The Corolla was forty yards away. Chris cut across the grass, picking his way between the tombstones. "If you had the records of every victim, you might be able to learn a lot. You could really move this thing forward."

Alex stopped beside a black granite stone and looked at him with complete candor. "I feel so inadequate in this investigation. I mean, my genetics stops at the high school level. Mendel and his peas. But you speak the language, you know the experts we need to talk to-"

"Alex-"

"If I can get hold of the other records, will you consider helping me analyze them?"

"Alex, listen to me."

"Please, Chris. Do you really think you're going to be able to avoid thinking about all this?"

He grabbed her hands and squeezed hard. "Listen to me!"

She nodded almost violently, as though aware she had crossed some line.

"I'm not sure what to do yet," he said. "Everything that's happened is swirling around inside me, and I'm trying to come to terms with it. I'm working on it, okay? In my own way. I am going to call my friend at Sloan-Kettering tomorrow."

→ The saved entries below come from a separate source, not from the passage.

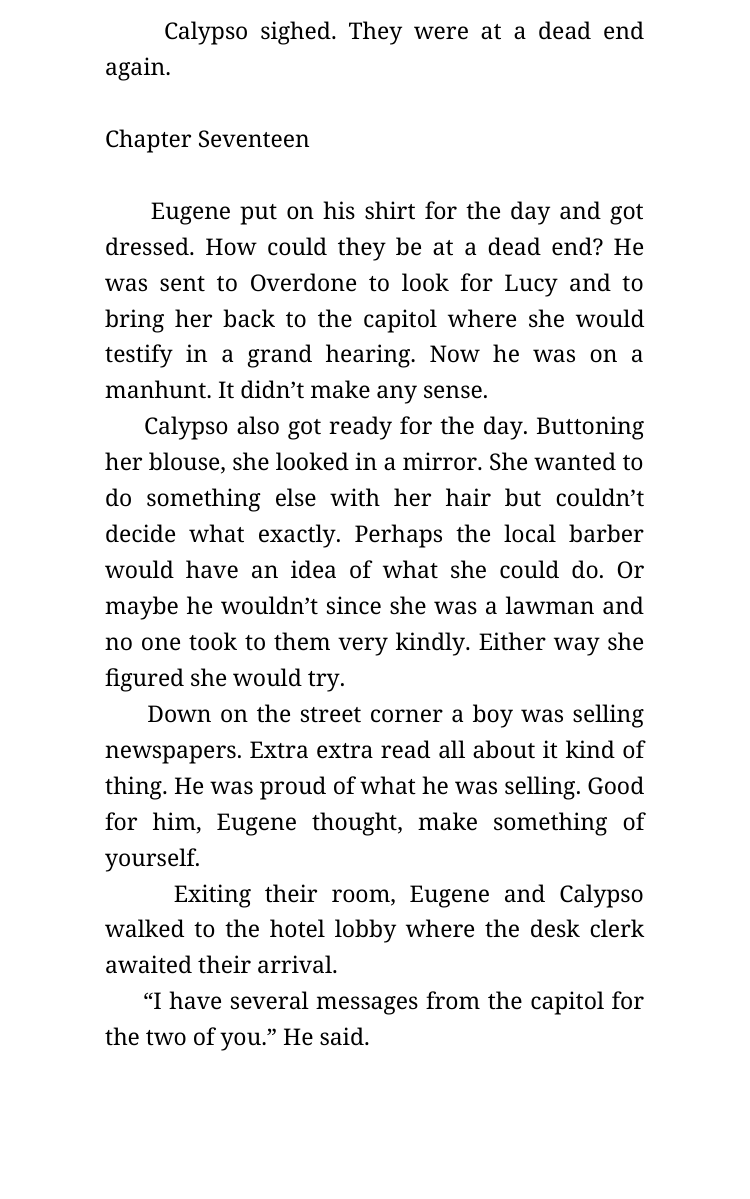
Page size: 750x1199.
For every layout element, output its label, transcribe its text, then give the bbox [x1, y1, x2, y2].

text Calypso sighed. They were at a dead end again. [105, 15, 645, 82]
text Exiting their room, Eugene and Calypso walked to the hotel lobby where the desk clerk awaited their arrival. [105, 877, 645, 981]
text Down on the street corner a boy was selling newspapers. Extra extra read all about it kind of thing. He was proud of what he was selling. Good for him, Eugene thought, make something of yourself. [105, 698, 645, 873]
text Calypso also got ready for the day. Buttoning her blouse, she looked in a mirror. She wanted to do something else with her hair but couldn’t decide what exactly. Perhaps the local barber would have an idea of what she could do. Or maybe he wouldn’t since she was a lawman and no one took to them very kindly. Either way she figured she would try. [105, 410, 645, 693]
text Chapter Seventeen [105, 123, 645, 154]
text Eugene put on his shirt for the day and got dressed. How could they be at a dead end? He was sent to Overdone to look for Lucy and to bring her back to the capitol where she would testify in a grand hearing. Now he was on a manhunt. It didn’t make any sense. [105, 195, 645, 406]
text “I have several messages from the capitol for the two of you.” He said. [105, 985, 645, 1052]
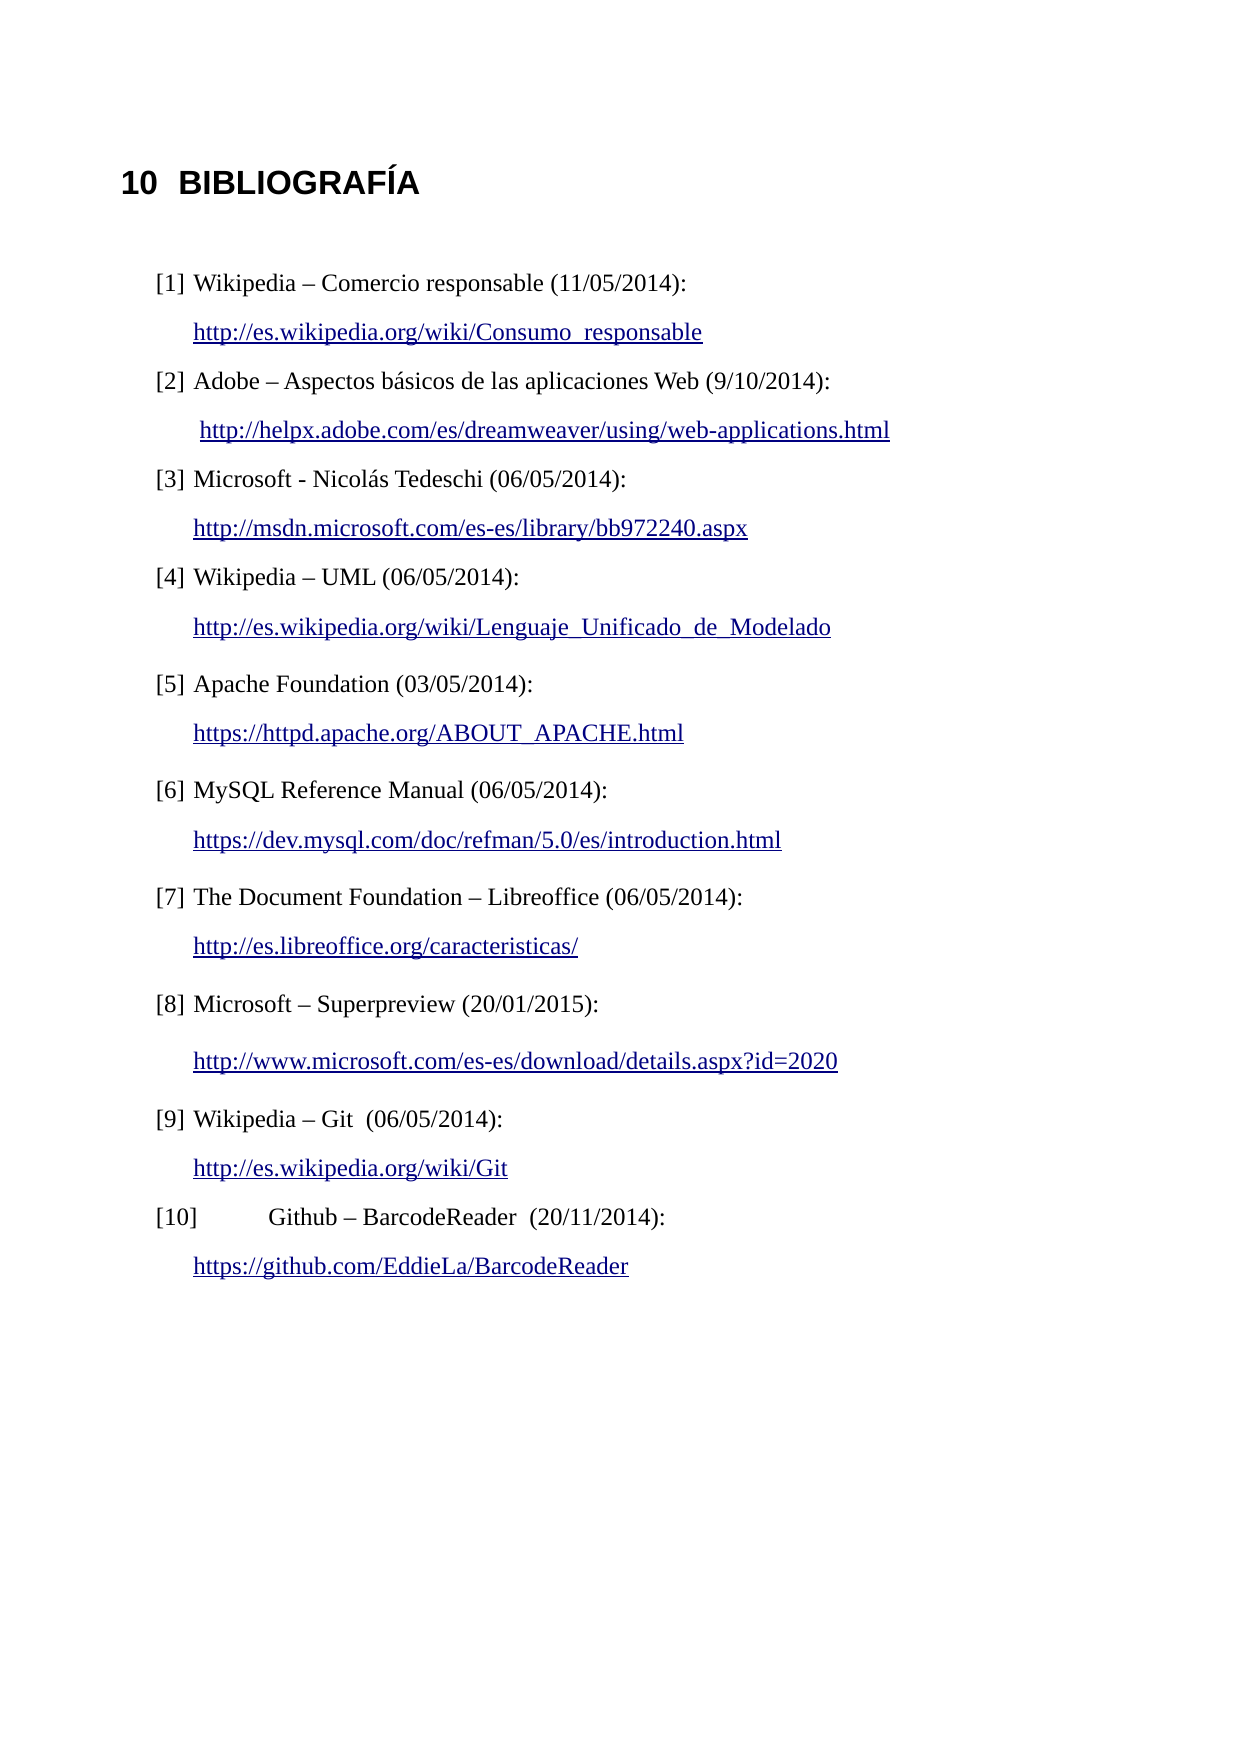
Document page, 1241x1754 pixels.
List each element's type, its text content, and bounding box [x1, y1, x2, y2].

list https://httpd.apache.org/ABOUT_APACHE.html [156, 718, 1122, 747]
list Adobe – Aspectos básicos de las aplicaciones Web (9/10/2014): [156, 366, 1122, 395]
subtitle BIBLIOGRAFÍA [121, 148, 1122, 207]
list http://es.wikipedia.org/wiki/Lenguaje_Unificado_de_Modelado [156, 612, 1122, 640]
list http://es.wikipedia.org/wiki/Git [156, 1153, 1122, 1182]
list https://github.com/EddieLa/BarcodeReader [156, 1251, 1122, 1280]
list http://www.microsoft.com/es-es/download/details.aspx?id=2020 [156, 1046, 1122, 1075]
list http://es.wikipedia.org/wiki/Consumo_responsable [156, 317, 1122, 346]
list http://helpx.adobe.com/es/dreamweaver/using/web-applications.html [156, 415, 1122, 444]
list http://msdn.microsoft.com/es-es/library/bb972240.aspx [156, 513, 1122, 542]
list Wikipedia – Comercio responsable (11/05/2014): [156, 268, 1122, 297]
list Apache Foundation (03/05/2014): [156, 669, 1122, 698]
list Microsoft – Superpreview (20/01/2015): [156, 989, 1122, 1017]
list The Document Foundation – Libreoffice (06/05/2014): [156, 882, 1122, 911]
list Microsoft - Nicolás Tedeschi (06/05/2014): [156, 464, 1122, 493]
list Wikipedia – Git (06/05/2014): [156, 1104, 1122, 1132]
list MySQL Reference Manual (06/05/2014): [156, 776, 1122, 804]
list https://dev.mysql.com/doc/refman/5.0/es/introduction.html [156, 825, 1122, 853]
list Wikipedia – UML (06/05/2014): [156, 562, 1122, 591]
list http://es.libreoffice.org/caracteristicas/ [156, 931, 1122, 960]
list Github – BarcodeReader (20/11/2014): [156, 1202, 1122, 1231]

Alex closed her eyes and exhaled with relief. "Thank you."

"But right now I need to pick up Ben, and I don't want to be late."

"Let me give you a ride to your truck. Where is it?"

He dropped her hands. "At home."

"Home! It'll take you an hour just to get there."

"A half hour."

"You have to let me take you."

He walked the rest of the way to the car, and she followed. "I need to be alone, Alex. I've had all I can take for now." He unlocked his bike and took it off her rack. "I'm going to call in a prescription for you, to help you sleep."

"Those things don't work for me. Not even Ambien."

"I'm going to give you Ativan. It can't not work, unless you're already addicted to it. If you don't sleep, you'll still relax. Is Walgreens pharmacy okay? That's near your motel."

"Sure."

He climbed onto the Trek and held out his hand. When Alex took it between both of hers, he felt her hands shivering.

"Promise me you'll be careful," she implored. "Stay away from the traffic."

"I'll be fine. I do this all the time. Now, let me go. We'll talk later."

"Tonight?"

"Maybe. By tomorrow for sure."

"Promise?"

"Jesus."

Alex bit her bottom lip and looked at the ground. When she raised her head, the sclera of her eyes were shot with blood. "I'm out on the edge here, Chris. You are, too. Only you don't know it."

He looked back long enough for her to see that he meant what he was going to say. "I do know."

She obviously wanted to say more, but before she could, he kicked his right foot forward and sprinted for the cemetery gate.